Faculty Spotlight: Professor Robb Hernández on Latinx Art and Museum Studies

By Elizabeth Bolger

Robb Hernández, who joined Fordham University as an Associate Professor of English in 2020, discusses the Race, Empire and Coloniality area group, his graduate course “Exhibiting Latinidad”, and remedying the lack of investment in Latinx cultural production.

EB: Thank you so much for agreeing to speak with me, Professor Hernández. I recently spoke with James Kim about the formation of the Race, Empire and Coloniality area group at Fordham. I was wondering, when did you first study Race, Empire, and Coloniality in literature? What led you to work in this area of study?

RH: Life and politics. As someone who self identifies as an activist scholar, I didn’t choose this topic; this topic chose me. I elected to pick up that torch and continue to march with it. I was a double major in journalism and ethnic studies as an undergrad, and between those two fields, I had the opportunity to think about hegemony, power, and ways to subvert authority in the newsroom. It compelled me to tell stories that wouldn’t otherwise be told. This got me into Latinx visual culture studies and film studies.

EB: How do you see yourself figuring into this area at Fordham? What courses are you teaching that fall under this area of study? 

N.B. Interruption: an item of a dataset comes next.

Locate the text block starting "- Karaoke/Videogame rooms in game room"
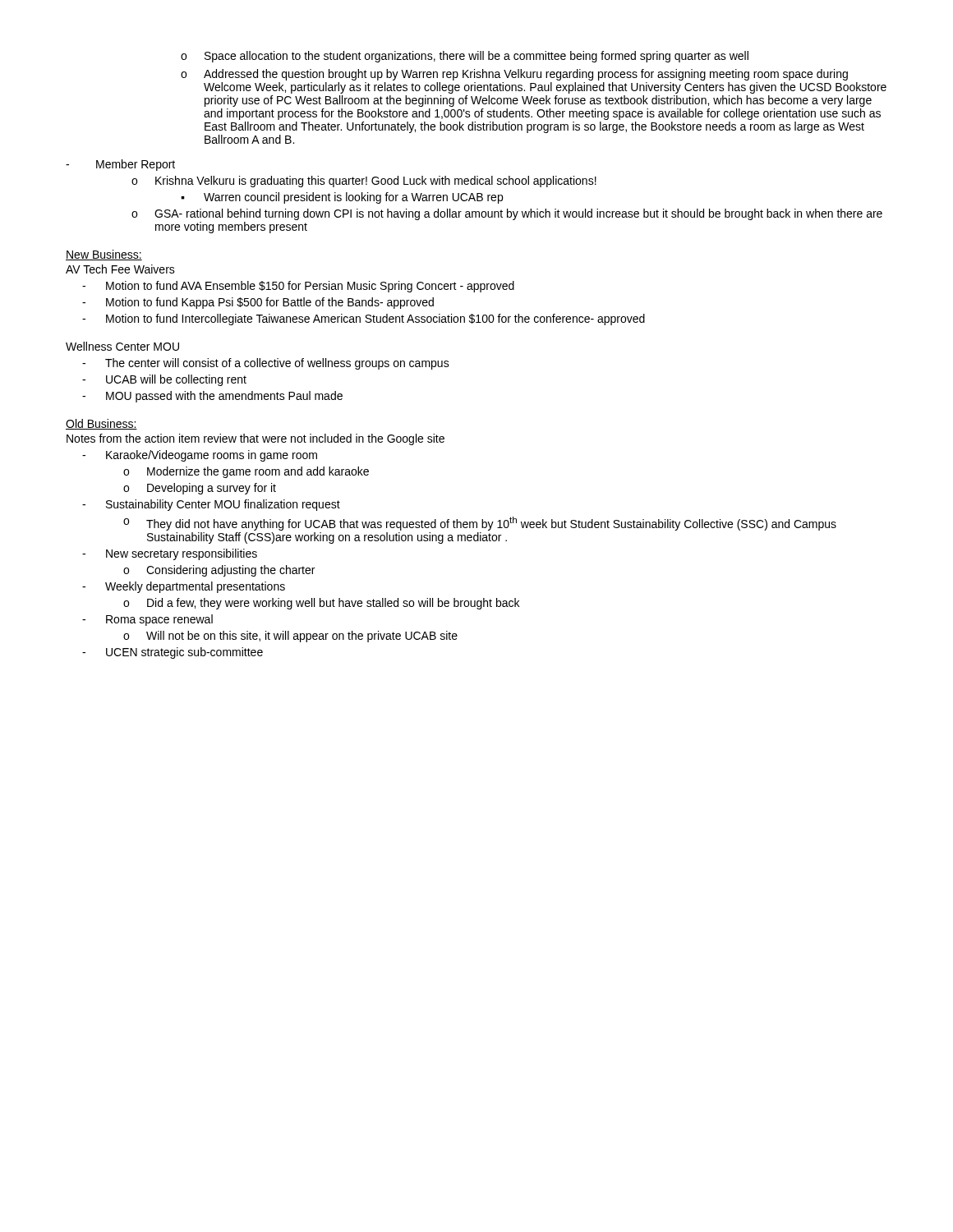 coord(200,455)

RH: This spring, I’ll be teaching a course “Exhibiting Latinidad” on Latinx art and museum studies. Latinx art history is rather nascent, despite the fact that Latinxs have been a part of this territory for centuries. The course is an attempt to interrogate the colonial power of the museum and the way that display politics and exhibition design creates social hierarchy and power. We’ll be looking at how Latinx artists and curators have found radical ways to interpret and represent their culture. Students will be encouraged to use online software to design their own exhibitions. I am excited to help students in that class find ways to develop a curatorial voice and move above and beyond the traditional measure of scholarship and to think of other forms of writing and scholarship. I am a curator and I did an exhibition with the Getty Foundation called, Mundos Alternos: Art and Science Fiction in the Americas, at University of California, Riverside ARTSblock in 2017. In 2019, it traveled to the Queens Museum and Leslie Lohman Museum of Lesbian and Gay Art. It looks at speculative aesthetics in the last three decades to think about how artists are reimagining citizenship and borders and reoccupying the toxic language of the alien to rewrite a future that otherwise feels quite bleak.

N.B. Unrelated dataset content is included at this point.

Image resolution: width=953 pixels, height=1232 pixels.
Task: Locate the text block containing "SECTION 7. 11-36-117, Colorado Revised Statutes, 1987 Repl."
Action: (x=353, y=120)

Another course I am proposing is Latinx speculation, introducing students to a variety of writers, visual artists, and filmmakers who are rewriting the future. I am currently collaborating with the Smithsonian National Museum of Air and Space on an oral history archive of Latinx artists and writers working at the intersection of science, technology, and speculation. This initiative will inform my course.

EB: I would love to hear more about the museum studies course and the curating assignment.

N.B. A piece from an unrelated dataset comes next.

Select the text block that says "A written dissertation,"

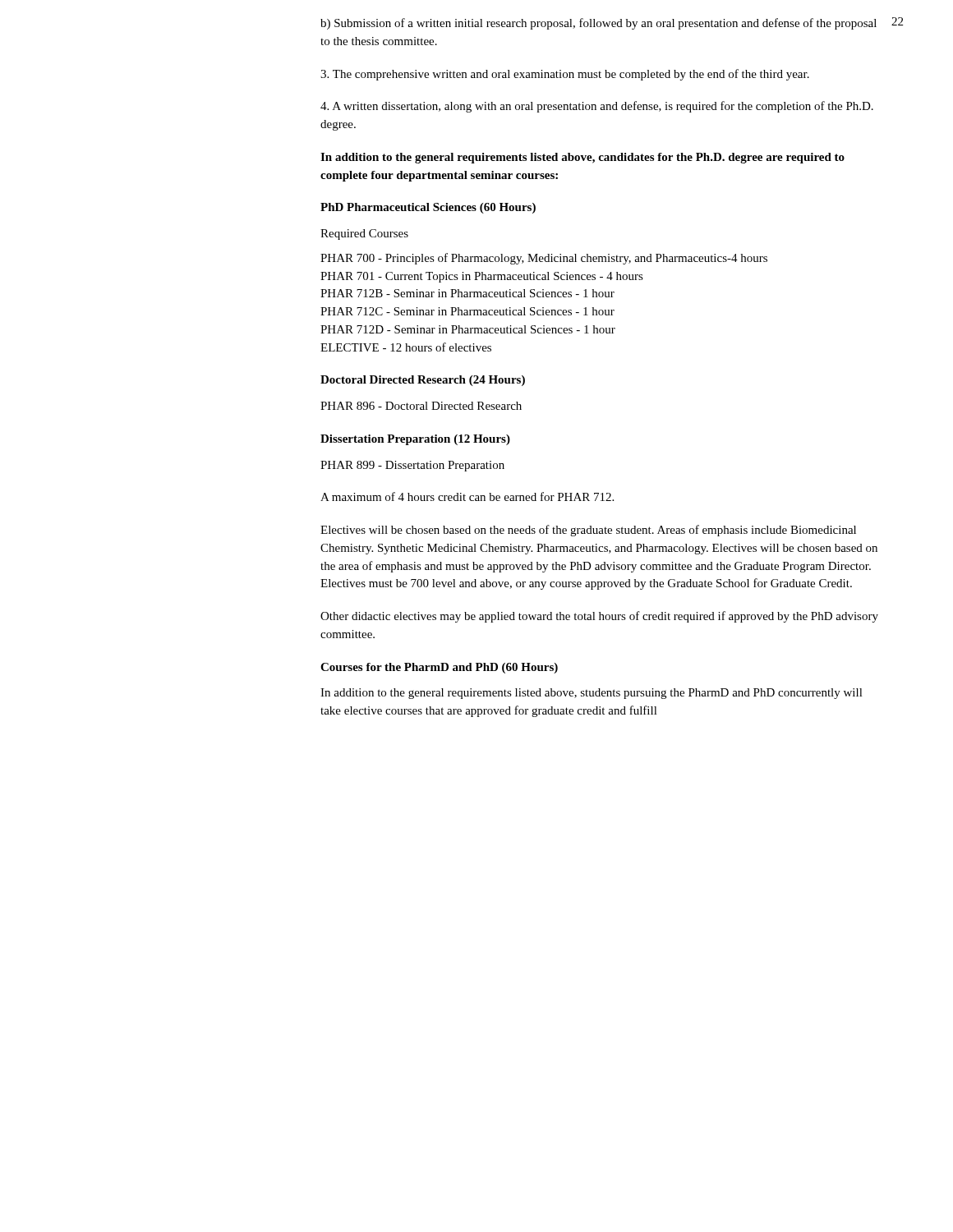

RH: I am excited about the curatorial aspect of Exhibiting Latinidad because it’s also an attempt to confront the fact that there are entire networks and creatives circles that are in dire need of documentation but continue to remain outside of scholarly discourse. I am excited that this course allows graduate students and undergrads to intervene.

There was a study done by the U.S. Latinx Art Forum that analyzed the number of art history dissertations between 2002-15. They noted that there was a 131 dissertations that focused on Latin American art, but only 17 in US Latino art in art history departments. At least, 34 dissertations were generated from other humanist fields including English. Nationally, there is a lack of investment in Latinx cultural production and so, requisite training is needed to expand this exciting area for this country’s largest ethnic minority population. I am excited for Fordham to be one of the few universities in the US where students can take Latinx art in undergraduate and doctoral level study.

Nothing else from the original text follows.